Widespread 2020 rainfall has refilled the Murray-Darling Basin (MDB) by 7.6 per cent year-on-year, and accessible water volumes are at the highest level since January 2019.

Also, these figures fail to illustrate good inflows into on-farm storages and improved soil moisture across much of NSW and south Queensland.

All of this is set to see Australian cotton output improve in 2020-21 - possibly up 250 per cent year-on-year to exceed two million bales.

Still, it seems mother nature is not quite done with us yet - with much still to happen between now and crop planting in October.

Fortunately, the seasonal outlook is positive.

The Bureau of Meteorology (BoM) is forecasting a wetter than average three-month east coast outlook and - in addition - the latest from the El Nino-Southern Oscillation (ENSO) model highlights an increased possibility of La Nina.

Uncertainty surrounds a possible La Nina event, but its occurrence could be significant for cotton and the broader irrigation industry.

The latest ENSO outlook now sits at La Nina watch, meaning the chance of a La Nina forming in 2020 has increased to near 50 per cent. This is twice the typical likelihood - but no guarantees.

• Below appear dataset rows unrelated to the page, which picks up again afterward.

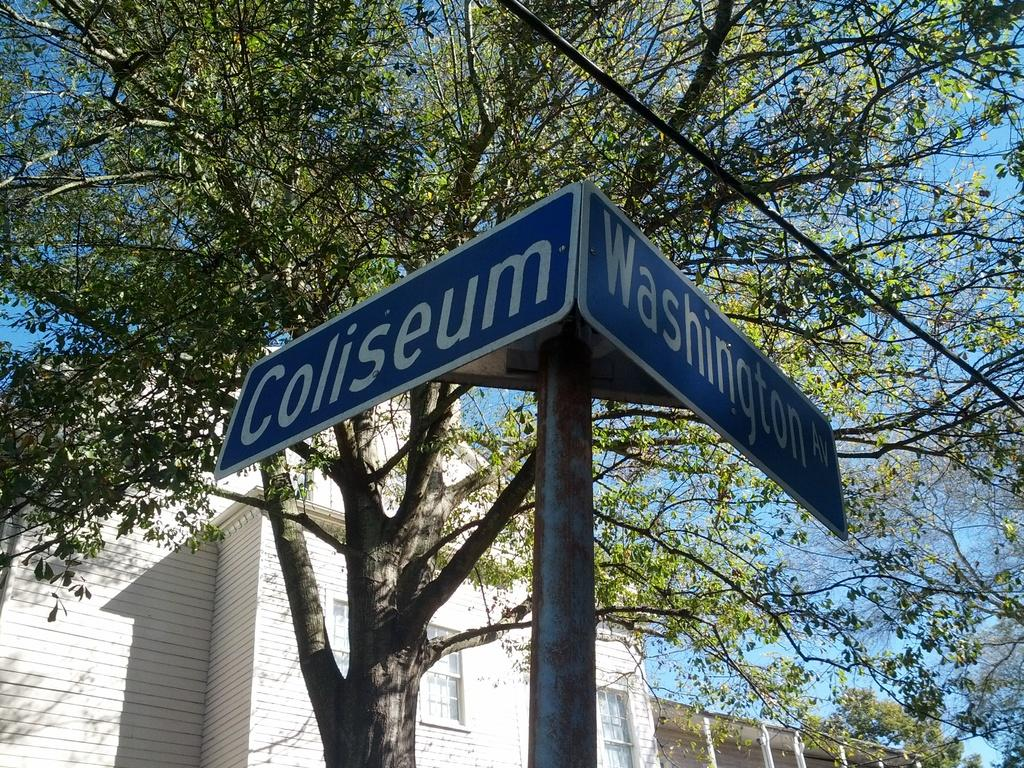What is the main structure in the image? There is a pole in the image with two boards attached to it. What is written on the boards? There is text on the boards. What can be seen in the background of the image? There is a tree and a building in the background of the image. How does the flesh on the pole appear in the image? There is no flesh present in the image; it features a pole with boards and text. 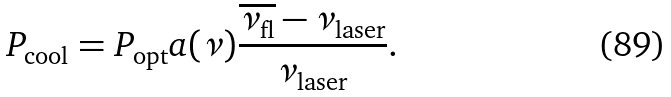<formula> <loc_0><loc_0><loc_500><loc_500>P _ { \text {cool} } = P _ { \text {opt} } a ( { \nu } ) \frac { \overline { \nu _ { \text {fl} } } - \nu _ { \text {laser} } } { \nu _ { \text {laser} } } .</formula> 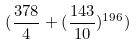Convert formula to latex. <formula><loc_0><loc_0><loc_500><loc_500>( \frac { 3 7 8 } { 4 } + ( \frac { 1 4 3 } { 1 0 } ) ^ { 1 9 6 } )</formula> 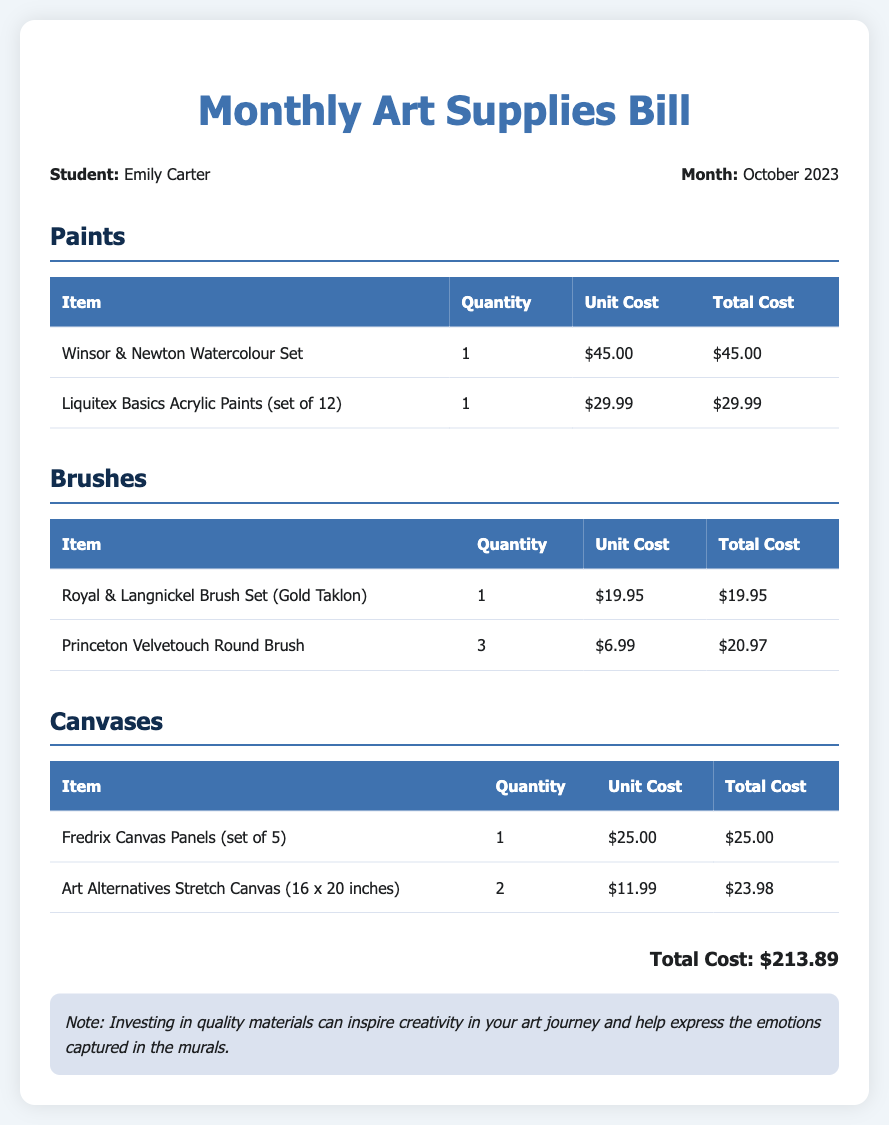What is the name of the student? The document identifies the student as Emily Carter.
Answer: Emily Carter How much did the Winsor & Newton Watercolour Set cost? This item is listed with a unit cost of $45.00.
Answer: $45.00 What month does this bill cover? The bill clearly states the month as October 2023.
Answer: October 2023 How many Princeton Velvetouch Round Brushes were purchased? The document shows a quantity of 3 for this item.
Answer: 3 What is the total cost of the art supplies? The summary at the end indicates the total cost as $213.89.
Answer: $213.89 Which category has the least total cost? By calculating the totals from each section, the brushes category has a total cost of $40.92, which is the least.
Answer: Brushes How many units of Art Alternatives Stretch Canvas were purchased? The document indicates that 2 units were purchased.
Answer: 2 What note is included about the quality of materials? The note emphasizes investing in quality materials to inspire creativity.
Answer: Investing in quality materials can inspire creativity in your art journey 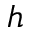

So what does this mean for cotton? First and foremost, a La Nina event often brings higher rainfall across eastern, central and northern Australia.

This event has historically coincided with the two major refills of MDB water storages in the past decade, reaching near capacity in 2011-12 and again in 2016-17.

La Nina occurs every three to seven years on average, so it seems we are certainly due.

After years of dryness, this potential drought-busting event would be hugely welcome for irrigators.

Furthermore, a particularly severe - and wet - event could provide water for several seasons beyond 2021.

This would allow production to reach towards that of the 'gin-busting' 2017 season - prices permitting.

As a global event, La Nina will also have indirect impacts on Australia.

Indonesia, Malaysia, the Philippines and northern Brazil tend to experience above average rainfall, while India receives a stronger monsoon season.

In contrast, Argentina and the southern USA states experience drier than normal conditions.

Already in west Texas - the number one cotton-producing region in the USA - we're noticing emerging drought conditions, ranging from moderate to extreme.

Should this dryness persist - as per a La Nina event - the US will be facing lower 2020 yields and higher abandonment nationally. This is a factor supporting global futures prices.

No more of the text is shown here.